┌────────

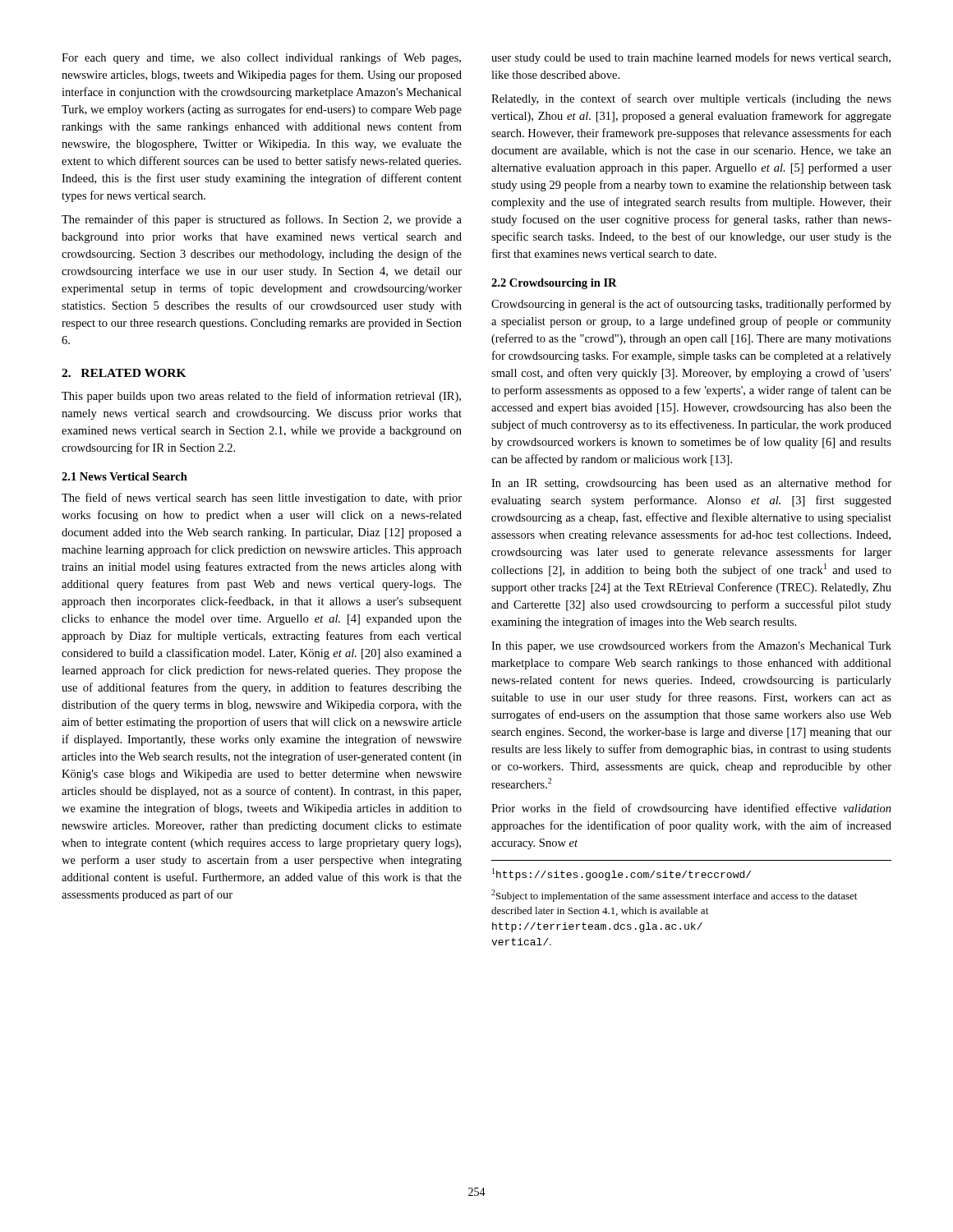Navigate to the text block starting "This paper builds upon"
The width and height of the screenshot is (953, 1232).
pyautogui.click(x=262, y=422)
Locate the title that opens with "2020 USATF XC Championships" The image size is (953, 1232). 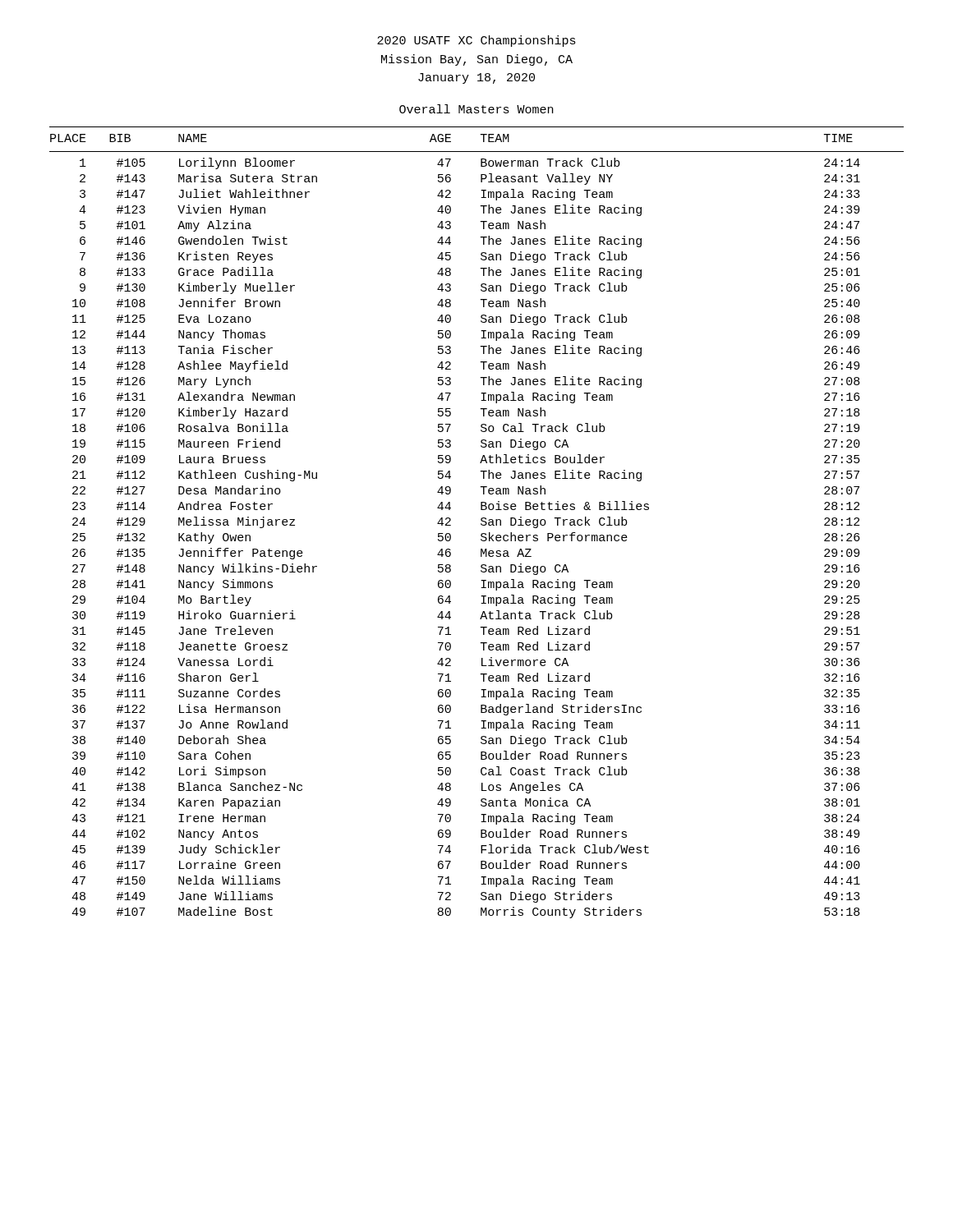[476, 60]
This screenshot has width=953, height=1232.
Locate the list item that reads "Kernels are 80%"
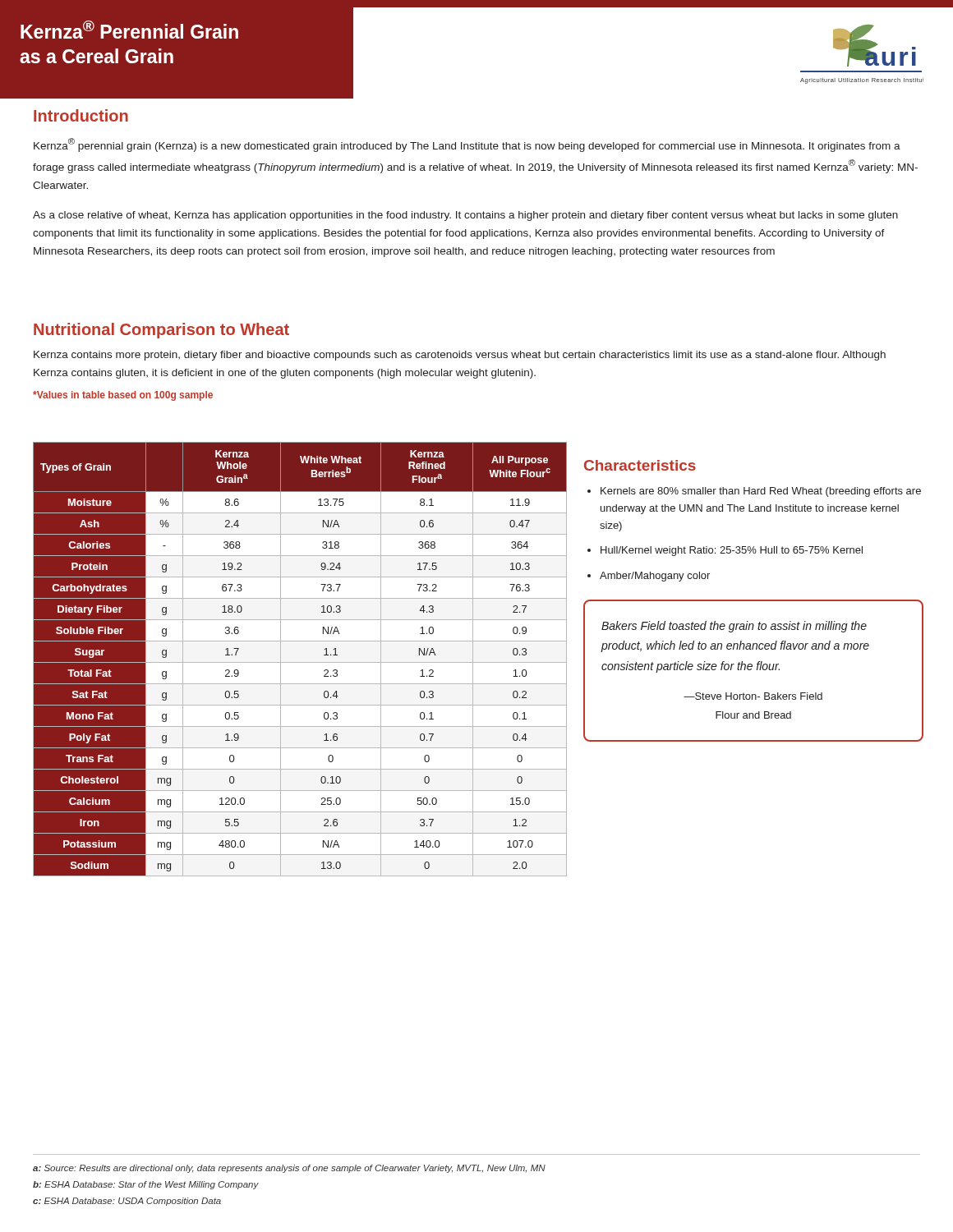coord(760,508)
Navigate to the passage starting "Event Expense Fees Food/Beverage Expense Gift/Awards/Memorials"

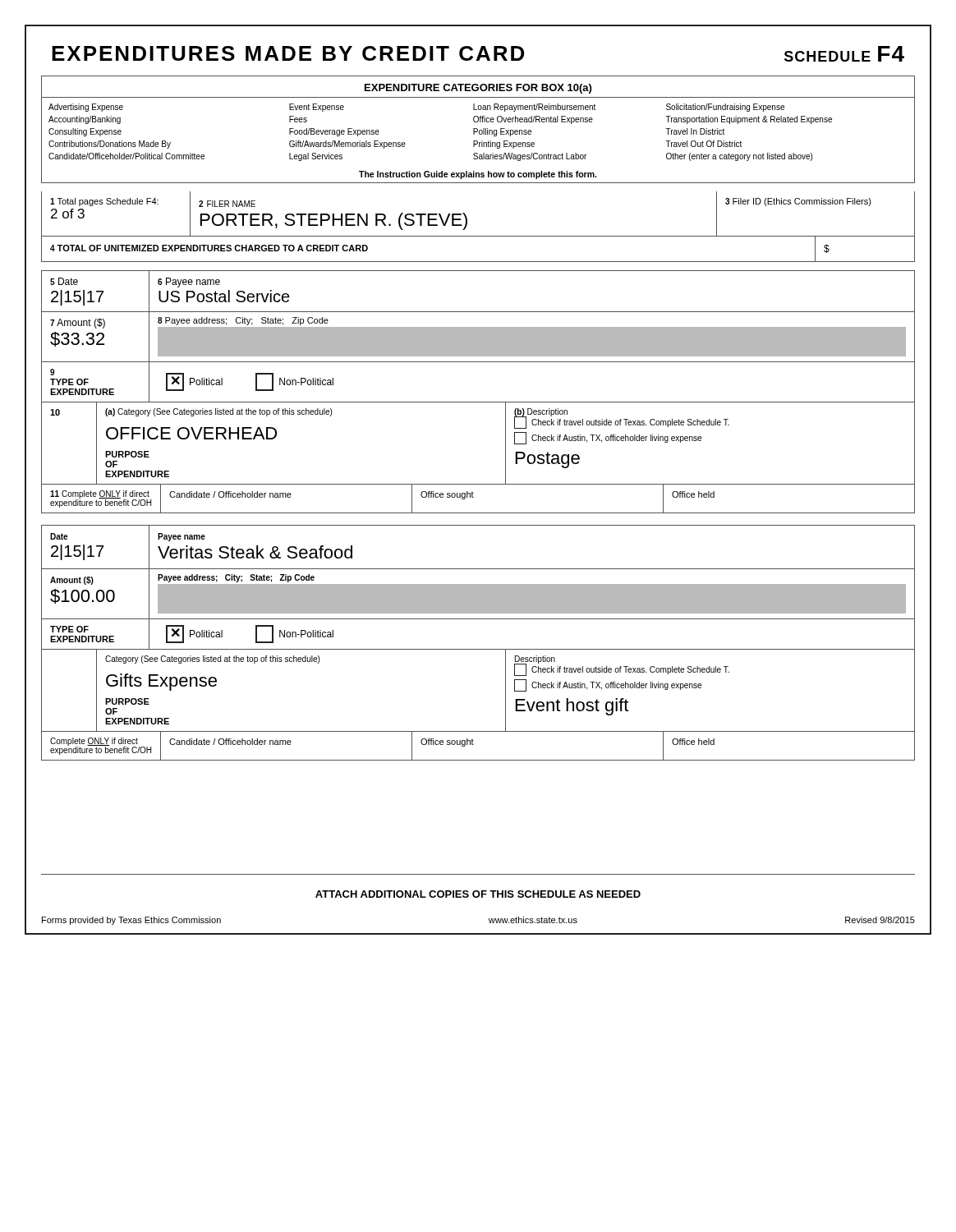click(347, 132)
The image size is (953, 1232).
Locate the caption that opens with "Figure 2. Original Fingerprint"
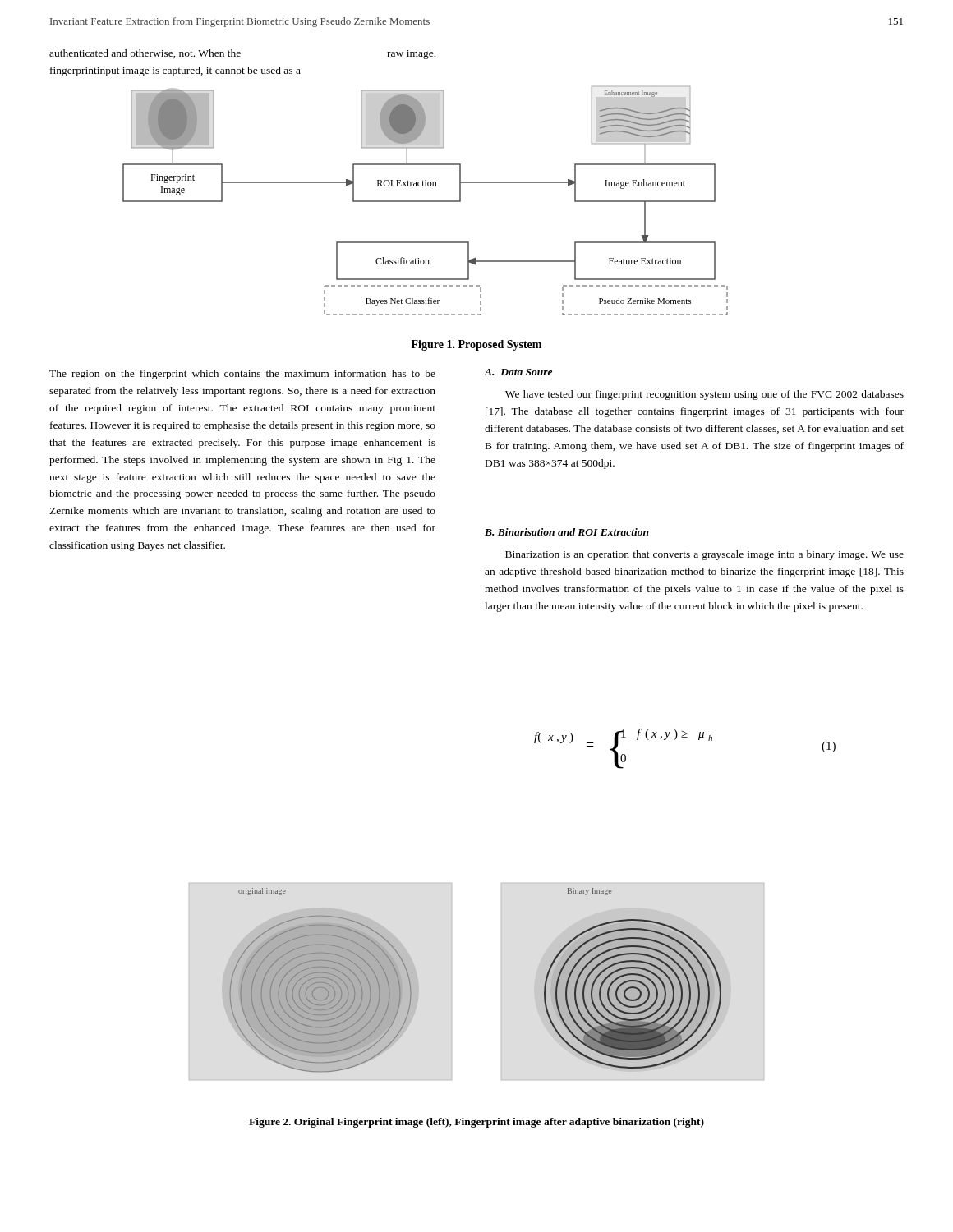pyautogui.click(x=476, y=1121)
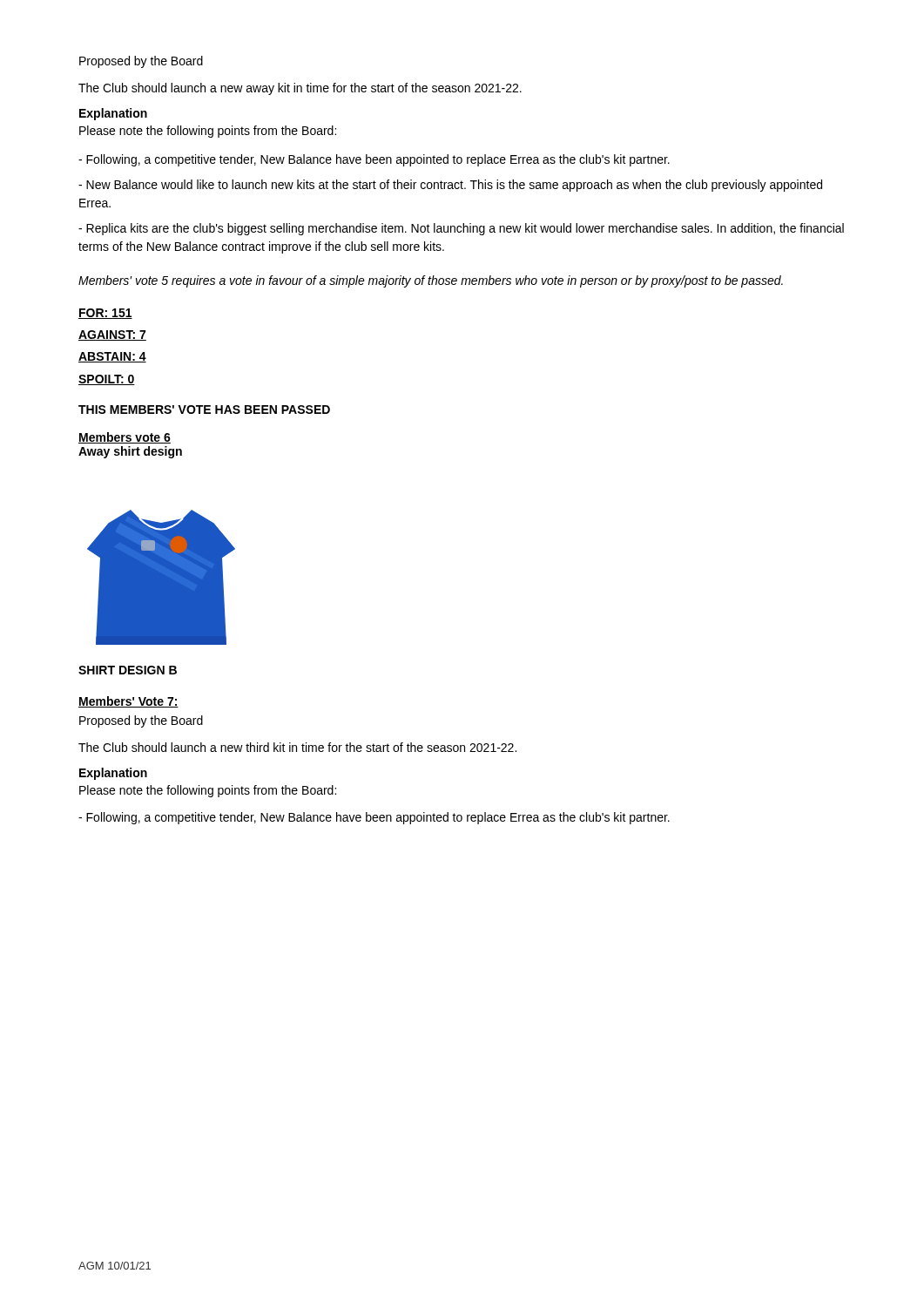Viewport: 924px width, 1307px height.
Task: Click on the text that says "Away shirt design"
Action: click(x=130, y=451)
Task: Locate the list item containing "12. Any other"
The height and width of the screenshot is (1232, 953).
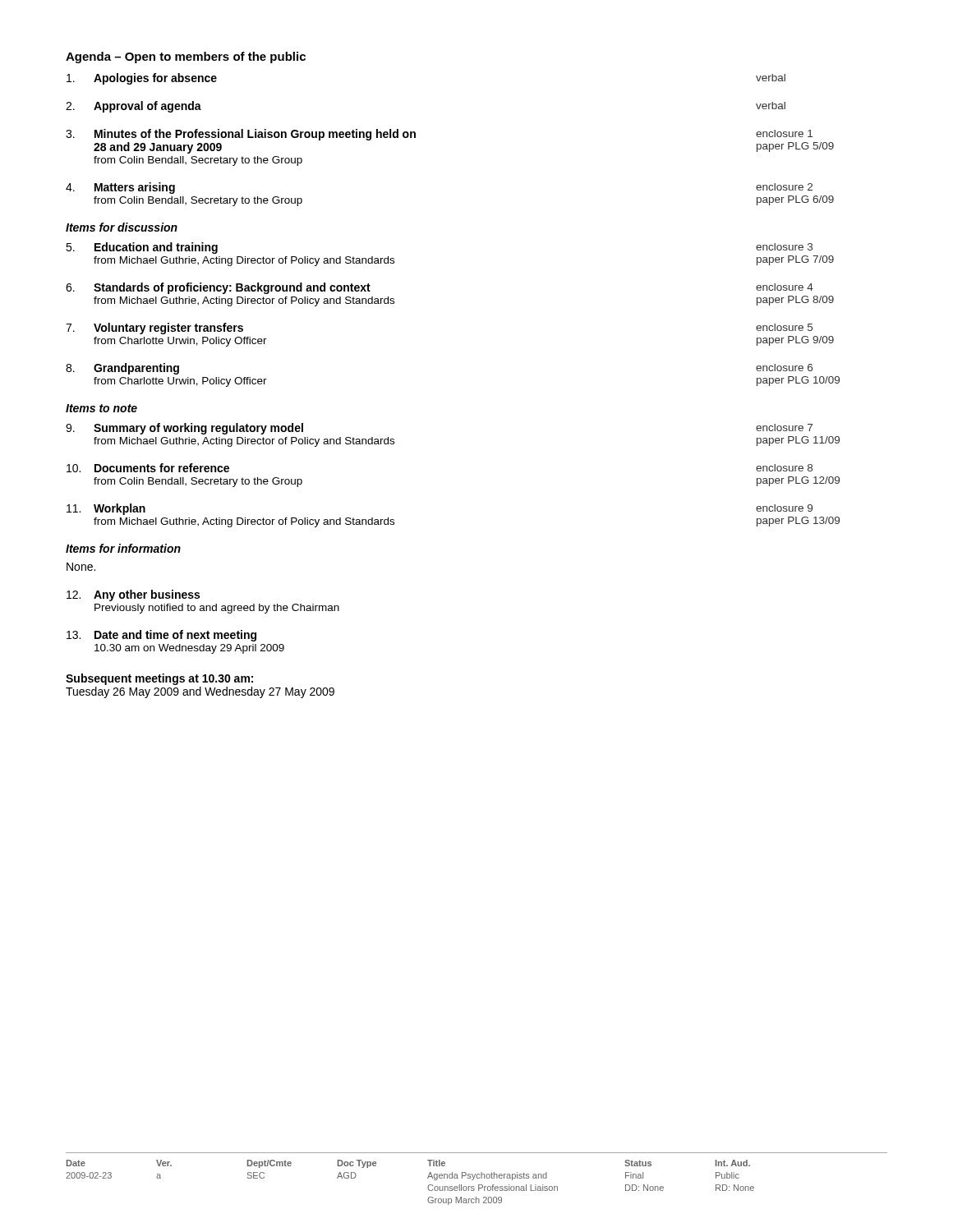Action: (133, 595)
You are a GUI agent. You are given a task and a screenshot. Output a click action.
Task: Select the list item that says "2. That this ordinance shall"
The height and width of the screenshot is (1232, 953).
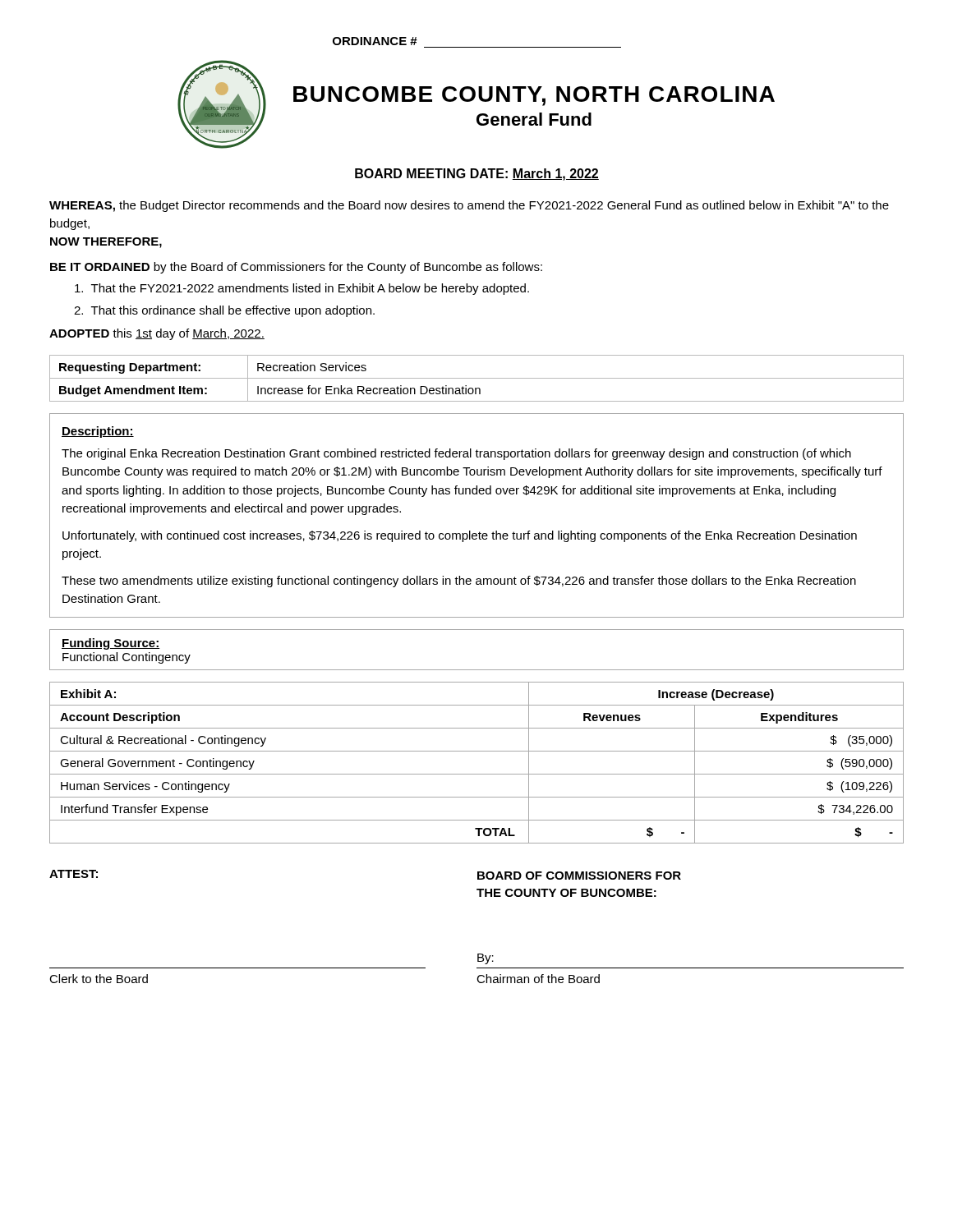coord(225,310)

└────────

WHAT THE TASK ASKS: Extract the lines beginning with the one that contains "Task: Select the" and ending with the last line of the listing. Keep them exact and drop the pictures.

COMPLETED TASK:
Task: Select the list item that says "2. That this ordinance shall"
The height and width of the screenshot is (1232, 953).
coord(225,310)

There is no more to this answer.